Para exprimir todavía más la actividad, pido a los alumnos que crean algo con las palabras encontradas. En 1º de primaria pido que constryan frases con las palabras en sus listas. Con alumnos más mayores, pido que generen una historia con algunas de las palabras halladas durante el juego. En ambos planteamientos se trabaja la escritura libre, ejercicio que los alumnos echan en falta. Además, la actividad de crear una historia que contenga determinadas palabras requiere de la capacidad creativa a la hora de vincular palabras de manera coherente.

En cualquiera de los casos, el juego de Boggle proporciona una actividad muy estimulante para el desarrollo del lenguaje, sobre todo escrito. El hecho de tenerlo pintado en el patio es un beneficio añadido, pero no es necesario. Se puede jugar perfectamente dentro del aula, aunque jugando al aire libre siempre es más agradable (¡salvo que este lloviendo o que haga 40 grados!). Luego, como han podido ver, se puede profundizar y exprimir los resultados del juego de maneras muy creativas. Incluso sería bonito proponer a los alumnos que creen lo que quieran con las palabras halladas (una carta, una felicitación…etc.).
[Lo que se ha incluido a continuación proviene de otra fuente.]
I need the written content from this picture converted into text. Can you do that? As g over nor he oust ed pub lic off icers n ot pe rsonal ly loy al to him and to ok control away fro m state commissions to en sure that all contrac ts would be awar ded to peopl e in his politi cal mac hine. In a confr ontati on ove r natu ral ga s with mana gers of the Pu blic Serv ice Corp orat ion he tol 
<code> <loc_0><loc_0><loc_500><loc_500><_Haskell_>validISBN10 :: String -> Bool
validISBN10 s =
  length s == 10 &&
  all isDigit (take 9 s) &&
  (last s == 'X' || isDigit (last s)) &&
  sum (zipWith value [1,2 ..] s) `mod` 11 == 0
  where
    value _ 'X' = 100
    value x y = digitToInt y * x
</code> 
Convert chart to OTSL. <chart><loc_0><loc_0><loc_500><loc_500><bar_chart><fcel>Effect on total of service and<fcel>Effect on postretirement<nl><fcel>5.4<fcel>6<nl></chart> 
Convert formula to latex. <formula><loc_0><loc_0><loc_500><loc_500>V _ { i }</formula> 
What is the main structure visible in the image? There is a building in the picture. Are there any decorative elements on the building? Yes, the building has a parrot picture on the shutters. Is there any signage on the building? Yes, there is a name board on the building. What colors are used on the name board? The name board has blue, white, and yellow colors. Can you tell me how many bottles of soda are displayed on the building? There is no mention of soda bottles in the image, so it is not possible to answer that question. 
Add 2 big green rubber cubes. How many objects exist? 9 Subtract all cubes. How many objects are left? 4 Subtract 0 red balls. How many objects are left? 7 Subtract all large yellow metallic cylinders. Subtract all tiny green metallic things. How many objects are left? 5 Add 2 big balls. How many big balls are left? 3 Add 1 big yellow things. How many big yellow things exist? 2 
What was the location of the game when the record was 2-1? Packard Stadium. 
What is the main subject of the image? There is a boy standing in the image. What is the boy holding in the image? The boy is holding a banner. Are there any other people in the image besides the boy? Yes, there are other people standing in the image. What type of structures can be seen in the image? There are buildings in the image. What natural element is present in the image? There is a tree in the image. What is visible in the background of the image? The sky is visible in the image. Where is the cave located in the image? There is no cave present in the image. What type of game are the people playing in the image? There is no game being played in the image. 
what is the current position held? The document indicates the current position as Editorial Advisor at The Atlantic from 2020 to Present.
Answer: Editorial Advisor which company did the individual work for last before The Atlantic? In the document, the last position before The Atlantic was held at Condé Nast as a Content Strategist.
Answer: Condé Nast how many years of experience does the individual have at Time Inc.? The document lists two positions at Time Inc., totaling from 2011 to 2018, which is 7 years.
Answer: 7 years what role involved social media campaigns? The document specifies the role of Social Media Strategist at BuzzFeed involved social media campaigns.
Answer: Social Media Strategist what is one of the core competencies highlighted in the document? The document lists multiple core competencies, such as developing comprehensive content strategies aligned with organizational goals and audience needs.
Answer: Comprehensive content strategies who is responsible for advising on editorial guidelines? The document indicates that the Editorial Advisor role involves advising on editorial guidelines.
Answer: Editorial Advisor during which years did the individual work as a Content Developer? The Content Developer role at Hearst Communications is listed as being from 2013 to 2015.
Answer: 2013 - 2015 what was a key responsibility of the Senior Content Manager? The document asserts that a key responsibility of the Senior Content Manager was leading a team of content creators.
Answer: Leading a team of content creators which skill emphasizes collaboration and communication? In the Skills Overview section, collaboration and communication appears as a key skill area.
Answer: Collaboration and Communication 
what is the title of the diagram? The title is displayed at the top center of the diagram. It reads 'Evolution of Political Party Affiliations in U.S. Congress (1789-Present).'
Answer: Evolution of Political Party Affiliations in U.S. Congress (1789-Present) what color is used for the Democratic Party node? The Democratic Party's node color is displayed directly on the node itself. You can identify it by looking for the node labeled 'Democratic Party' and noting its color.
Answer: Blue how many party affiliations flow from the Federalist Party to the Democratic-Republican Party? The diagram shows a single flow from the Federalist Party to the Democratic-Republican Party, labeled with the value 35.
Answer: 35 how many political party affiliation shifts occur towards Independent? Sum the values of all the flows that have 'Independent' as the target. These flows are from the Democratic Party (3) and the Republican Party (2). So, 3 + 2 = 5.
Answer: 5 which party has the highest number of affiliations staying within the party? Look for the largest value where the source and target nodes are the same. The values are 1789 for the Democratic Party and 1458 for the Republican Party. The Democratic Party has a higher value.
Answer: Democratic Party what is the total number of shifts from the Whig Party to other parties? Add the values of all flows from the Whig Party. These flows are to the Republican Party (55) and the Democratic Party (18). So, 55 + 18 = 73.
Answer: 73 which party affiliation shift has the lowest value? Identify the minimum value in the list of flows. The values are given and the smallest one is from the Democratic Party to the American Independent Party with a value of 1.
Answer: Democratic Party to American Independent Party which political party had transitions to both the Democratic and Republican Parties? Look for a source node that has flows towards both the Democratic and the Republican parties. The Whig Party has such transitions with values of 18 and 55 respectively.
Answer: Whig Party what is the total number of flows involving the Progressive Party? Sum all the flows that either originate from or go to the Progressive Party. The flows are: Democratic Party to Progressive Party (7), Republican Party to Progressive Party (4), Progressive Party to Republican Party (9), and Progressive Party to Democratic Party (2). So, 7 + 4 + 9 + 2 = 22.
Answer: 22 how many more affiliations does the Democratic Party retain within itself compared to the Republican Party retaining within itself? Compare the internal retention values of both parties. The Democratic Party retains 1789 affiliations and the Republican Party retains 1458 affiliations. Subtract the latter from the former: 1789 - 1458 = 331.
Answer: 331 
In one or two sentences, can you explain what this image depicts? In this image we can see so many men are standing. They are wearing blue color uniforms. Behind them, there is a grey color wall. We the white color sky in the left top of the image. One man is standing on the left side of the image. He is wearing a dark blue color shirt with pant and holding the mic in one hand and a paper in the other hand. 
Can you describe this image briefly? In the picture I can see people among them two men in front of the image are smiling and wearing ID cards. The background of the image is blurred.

De hecho, escribiendo esto ahora mismo, se me ocurre que podrían inventarse palabras y definiciones para las mismas

Sin lugar a dudas, Boggle puede dar mucho juego a las clases de las lenguas. ¡Así que a jugar!

Aspectos Neurodidácticos

  • La actividad, siendo un juego, permite un contexto de aprendizaje en el que los cerebros de los alumnos persiguen retos, recompensas y el afán de superación.
  • El planteamiento lúdico de la actividad convierte a los alumnos en protagonistas de su aprendizaje.
  • El ejercicio de formar palabras juntando letras adyacentes requiere de la atención sostenida y selectiva.
  • El componente competitivo fomenta el desarrollo del control inhibitorio en cuanto a las emociones además de la tolerancia a la frustración.
  • El hecho de estar al aire libre y en contacto con la naturaleza aumenta los procesos atencionales durante la realización de los juegos.
  • La actividad de generar frases o historias partiendo de una serie de parámetros potencia el proceso creativo y la flexibilidad cognitiva.